Agricultural technology in the experiments is standard, usual for regular production of corn. In all three studding years preceding crop was winter wheat. After the wheat harvest plowing was done stubble to a depth 10-15 cm. Before primary tillage fertilization with 300 kg ha-1 fertilizer NPK 10:30:20 was applied. Primary tillage was performed in the fall, depending on weather conditions, the depth was about 25 cm. During the spring was conducted additional soil tillage, then additional nitrogen fertilization KAN (27% N) in quantities 30, 90 and 150 kg ha-1, active ingredient (NH4NO3), and finally seedbed preparation.

Sowing was done manually in the second half of April, according to the plan of sawing, inter-row spacing of 70 cm with 2 seeds in whole. After germination thinning was carried out at a steady, planned number of plants. Hybrids were grown in the recommended (optimal) plant density, depending on the FAO group, and ZP 434-64.935 plants per hectare (70x22 cm), then ZP 578-57.143 plants per hectare (75x25 cm) and ZP 677-51.020 plants per hectare (70x28 cm).

The plant care are done by appropriate herbicides for weed control (after planting and before emergence: Acetochlor two l ha-1 + Atrazine 1 l ha-1, and during the growing season Motivell 1 l ha-1 + Cambio two l ha-1) and needed hoeing.

Harvest (harvest) of corn was done manually at the end of September or early October, depending on the year.

Grain yield of 14% with water was calculated by the following formula:

QV = Pi x (100 - U)/100 - US

Where is:

QV - corn yield with 14% moisture, Pi - yield of raw grains, U - grain' water content at harvest, US - calculated grain water content (14%). The research results were analyzed by statistical analysis and presented in tables and graphs.

Weather conditions

Mean monthly air temperatures in all years of study, as well as the long-term average (1995 - 2004) are shown in Table 1.

Table 1. Mean monthly air temperature (0C) for the growing season of maize (IV - IX), in 2005 - 2007 at Zemun Polje in the years of study, as well as the long-term average (1995 - 2004) at the locations for the vegetation period

Year Location Month Average

IV V VI VII VIII IX

2005 Zemun Polje 13,1 17,6 20,2 22,8 21,4 18,9 19,0

2006 Zemun Polje 14,1 17,6 20,3 24,6 21,7 19,7 19,7

2007 Zemun Polje 14,7 19,7 23,6 25,7 24,4 16,8 20,8

Average (1995 - 2004) Zemun Polje 12,9 18,7 21,8 23,2 23,4 17,8 19,6

Source: RHSS, reports for 2005, 2006 and 2007.

Data on rainfall by months within growing period in the years of study, as well as the long-term average (1995 - 2004) are shown in Table 2, years in which the tests are performed are differed significantly, both in terms of total amount rainfall during the growing period, and in terms of their schedule by months.
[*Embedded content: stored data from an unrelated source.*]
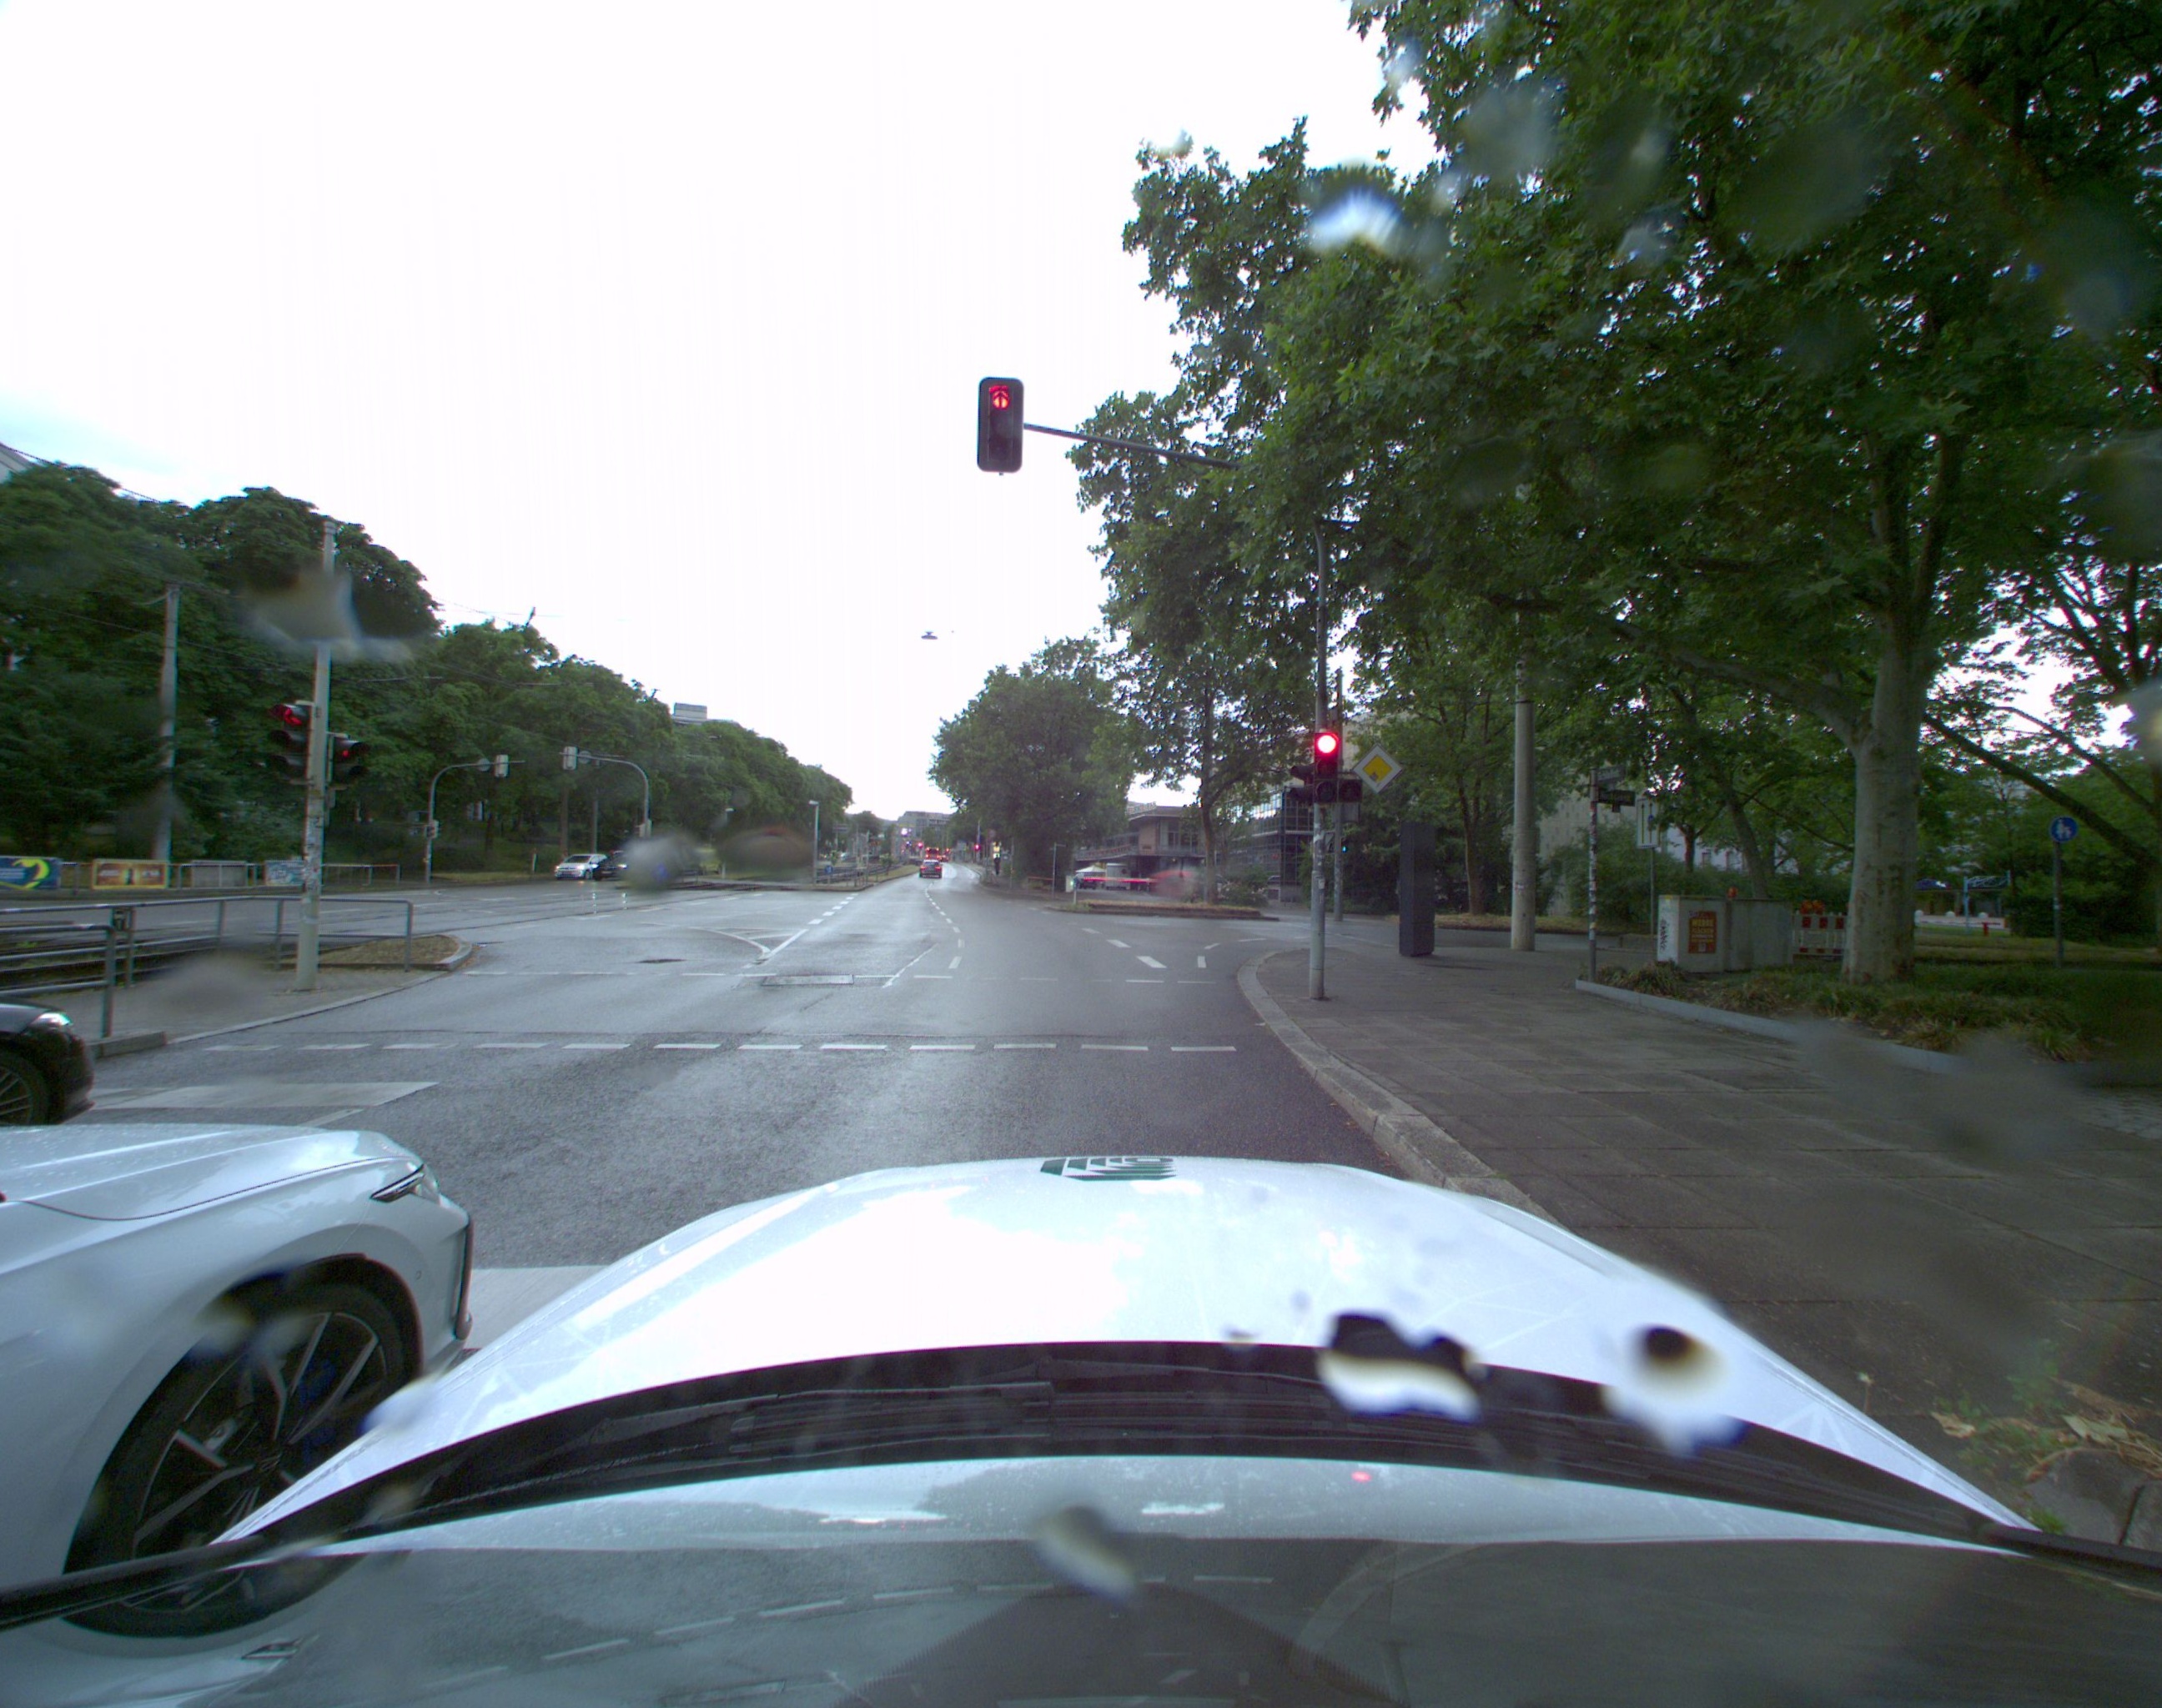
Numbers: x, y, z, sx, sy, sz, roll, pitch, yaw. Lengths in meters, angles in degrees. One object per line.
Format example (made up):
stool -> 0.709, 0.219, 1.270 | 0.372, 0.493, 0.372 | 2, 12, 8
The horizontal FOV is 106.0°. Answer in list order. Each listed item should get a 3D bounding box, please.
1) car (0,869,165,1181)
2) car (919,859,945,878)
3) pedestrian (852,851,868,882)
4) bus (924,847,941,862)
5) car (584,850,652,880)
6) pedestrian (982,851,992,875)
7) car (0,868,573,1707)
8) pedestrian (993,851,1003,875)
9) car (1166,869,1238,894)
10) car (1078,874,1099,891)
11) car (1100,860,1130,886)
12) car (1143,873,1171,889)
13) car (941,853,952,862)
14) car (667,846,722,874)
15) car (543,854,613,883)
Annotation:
car -> -5.968, 0.793, 2.216 | 1.789, 1.442, 4.477 | 0, 0, 2
car -> -12.209, 1.193, 66.831 | 1.993, 1.519, 4.336 | 0, -1, -9
pedestrian -> -13.205, 0.725, 48.682 | 0.870, 1.802, 0.864 | 2, -1, -14
bus -> -32.445, 0.106, 177.472 | 3.591, 3.171, 10.381 | 0, -1, -11
car -> -25.779, 0.619, 45.488 | 1.917, 1.546, 3.674 | 1, -1, -5
pedestrian -> -7.945, 0.773, 68.617 | 0.813, 2.014, 1.075 | 0, -1, -6
car -> -2.519, 0.752, 0.262 | 1.789, 1.442, 4.477 | 0, 0, 2
pedestrian -> -7.012, 0.769, 68.965 | 0.873, 2.014, 1.075 | 0, -1, -6
car -> 9.272, 2.118, 62.114 | 5.221, 1.731, 1.860 | 2, -1, -23
car -> 0.854, 3.062, 88.064 | 2.010, 1.551, 4.355 | 2, 0, 4
car -> 3.788, 2.091, 91.465 | 2.725, 2.695, 6.916 | 2, 0, -2
car -> 8.283, 2.905, 89.149 | 2.020, 1.551, 4.334 | 2, 0, -10
car -> -30.129, 0.806, 182.387 | 2.364, 1.817, 5.164 | 0, -1, -11
car -> -26.798, 0.435, 56.599 | 1.917, 1.851, 4.558 | 1, -1, -5
car -> -29.005, 0.829, 47.087 | 1.917, 1.546, 3.674 | 1, -1, -5

Table 2. Amounts of rainfall (mm) for the growing season of maize (IV - IX), in 2005 -2007 (Zemun Polje)

Year Location Month Average

IV V VI VII VIII IX

2005 Zemun Polje 53,0 48,0 94,0 90,0 145,0 56,0 486,0

2006 Zemun Polje 97,0 40,0 137,0 22,0 123,0 26,0 445,0

2007 Zemun Polje 4,0 79,0 108,0 18,0 72,0 85,0 366,0

Source: RHSS, reports for 2005, 2006 and 2007.

Soil characteristic

Chernozems are formed under natural conditions that differ significantly from the evaluations of other soil types. Chernozems is evaluated under semi-arid continental climate and steppe grassland vegetation. However, the important for creation of chernozems are other natural factors, such as relief, geological substrate, terrain and other natural factors. Chernozems is the soil type with two specific genetic horizons: humus - accumulative A1 horizon and the parent rock, and C horizons. However, transitional AC horizon can appear.
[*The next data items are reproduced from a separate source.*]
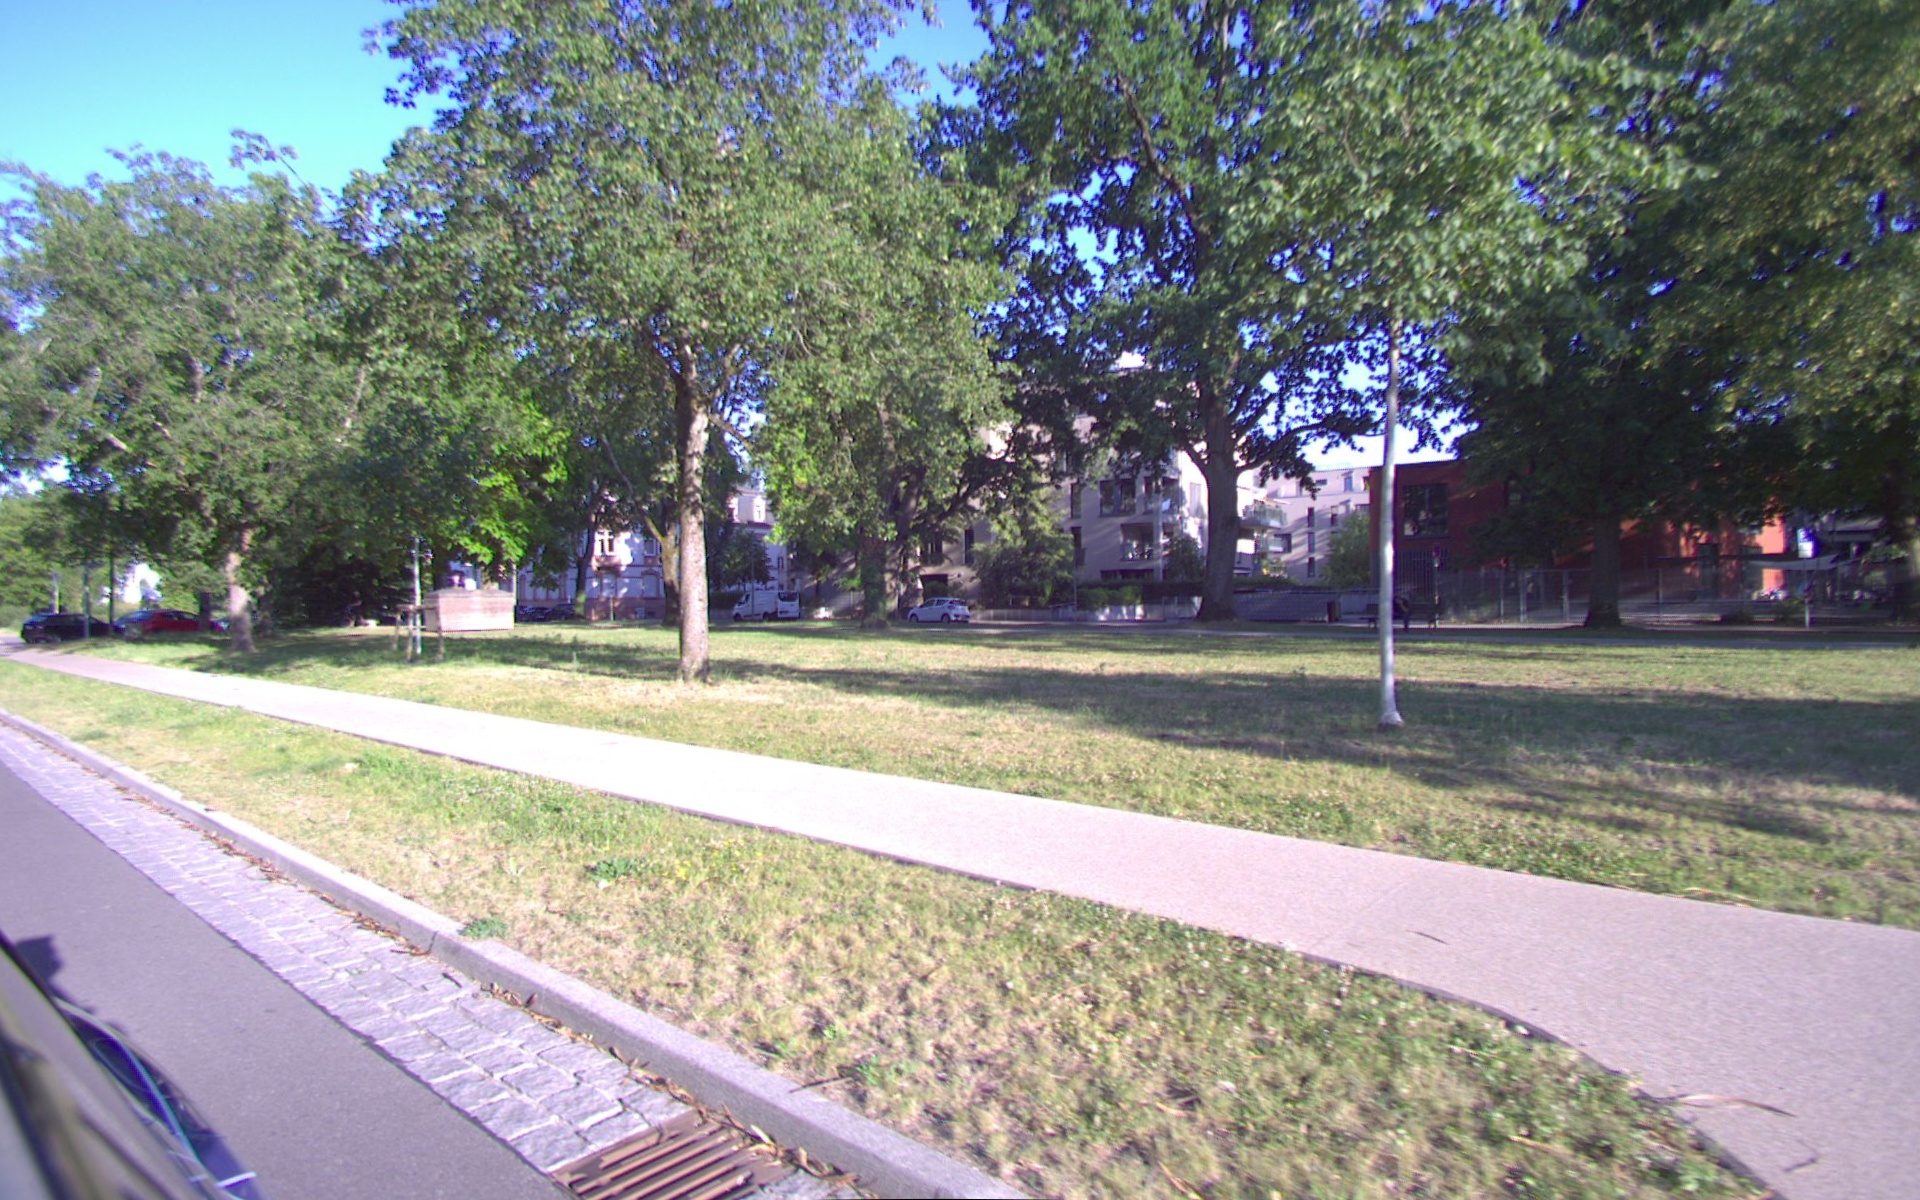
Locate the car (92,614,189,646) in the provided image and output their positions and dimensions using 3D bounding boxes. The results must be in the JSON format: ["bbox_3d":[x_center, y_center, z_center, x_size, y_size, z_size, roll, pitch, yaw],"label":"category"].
[{"bbox_3d":[-45.408,1.635,56.152,1.824,1.643,3.826,0,0,17],"label":"car"}]

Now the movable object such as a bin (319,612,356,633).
[{"bbox_3d":[-30.342,1.105,49.330,0.948,0.997,1.317,-1,-1,37],"label":"movable object such as a bin"}]

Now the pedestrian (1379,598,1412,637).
[{"bbox_3d":[11.246,0.445,26.126,0.541,0.994,0.611,0,-1,-39],"label":"pedestrian"}]

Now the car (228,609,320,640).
[{"bbox_3d":[-38.779,1.358,57.324,1.877,1.586,3.974,1,1,20],"label":"car"}]

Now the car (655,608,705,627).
[{"bbox_3d":[-25.083,1.518,90.697,1.890,1.586,3.946,1,1,40],"label":"car"}]

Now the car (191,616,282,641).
[{"bbox_3d":[-43.702,1.711,61.275,1.825,1.411,4.250,0,0,18],"label":"car"}]

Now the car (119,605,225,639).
[{"bbox_3d":[-40.558,1.104,52.201,1.874,1.586,3.979,1,1,16],"label":"car"}]

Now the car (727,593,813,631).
[{"bbox_3d":[-11.407,0.731,60.592,4.969,2.130,2.641,-1,0,43],"label":"car"}]

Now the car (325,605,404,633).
[{"bbox_3d":[-36.726,1.146,62.506,1.877,1.586,3.973,1,1,21],"label":"car"}]

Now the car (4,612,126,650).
[{"bbox_3d":[-42.157,1.427,47.788,1.874,1.586,3.979,1,1,16],"label":"car"}]

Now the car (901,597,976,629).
[{"bbox_3d":[-1.202,0.712,55.552,3.736,1.630,1.973,-1,0,41],"label":"car"}]

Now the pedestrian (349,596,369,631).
[{"bbox_3d":[-29.758,0.662,50.110,0.671,1.708,0.656,-2,0,37],"label":"pedestrian"}]

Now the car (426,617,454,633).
[{"bbox_3d":[-58.196,2.735,113.220,1.860,1.586,4.608,0,1,-38],"label":"car"}]

Humus A1 horizon is the most distinctive horizon after which chernozems is named. It has an average depth of 40 to 60 cm, depending on the subtypes of the relief and chernozems. Humus horizon color is dark brown to black, depending on the amount of humus and soil moisture condition, structure of chernozems is crumbly and grainy. The transition of the humus horizon of forest is gradual, so it is not easy to determine where the first ends and where another begins.

Transitional AC horizon in color, structure and other properties is located in the middle between the dark colored humus horizon above and below the yellow les. The color of this horizon is dark grey, with frequent intersections of the black soil. The structure of the transitional horizon is somewhat coarser than in humus and can be coarse-grained, granulated

or vague. Transitional horizon is enriched with calcium - carbonate (CaCO3). The depth of the transitional horizon is different for different chernozems, and usually about 50 cm or more. This horizon is also suitable for development of rooting plants, therefore, together with humus horizon is one of the most active layer of soil. C horizon in Serbian chernozems is mostly les. Color and other characteristics of the les are mostly affected by the groundwater and the amount of lime in the surface layer of the horizon. Chernozems soil has medium texture, but there are chernozems with more clay and sand. For the physical of cehrnozems of particular importance is chernozems structure. Among the structural aggregates in chernozems dominate those whose dimensions are between 3 and 7 mm. Chernozems structure is usually worst in the upper layers, and in the depth gets better and structural units are more stable. Chernozems has good water, and air characteristic.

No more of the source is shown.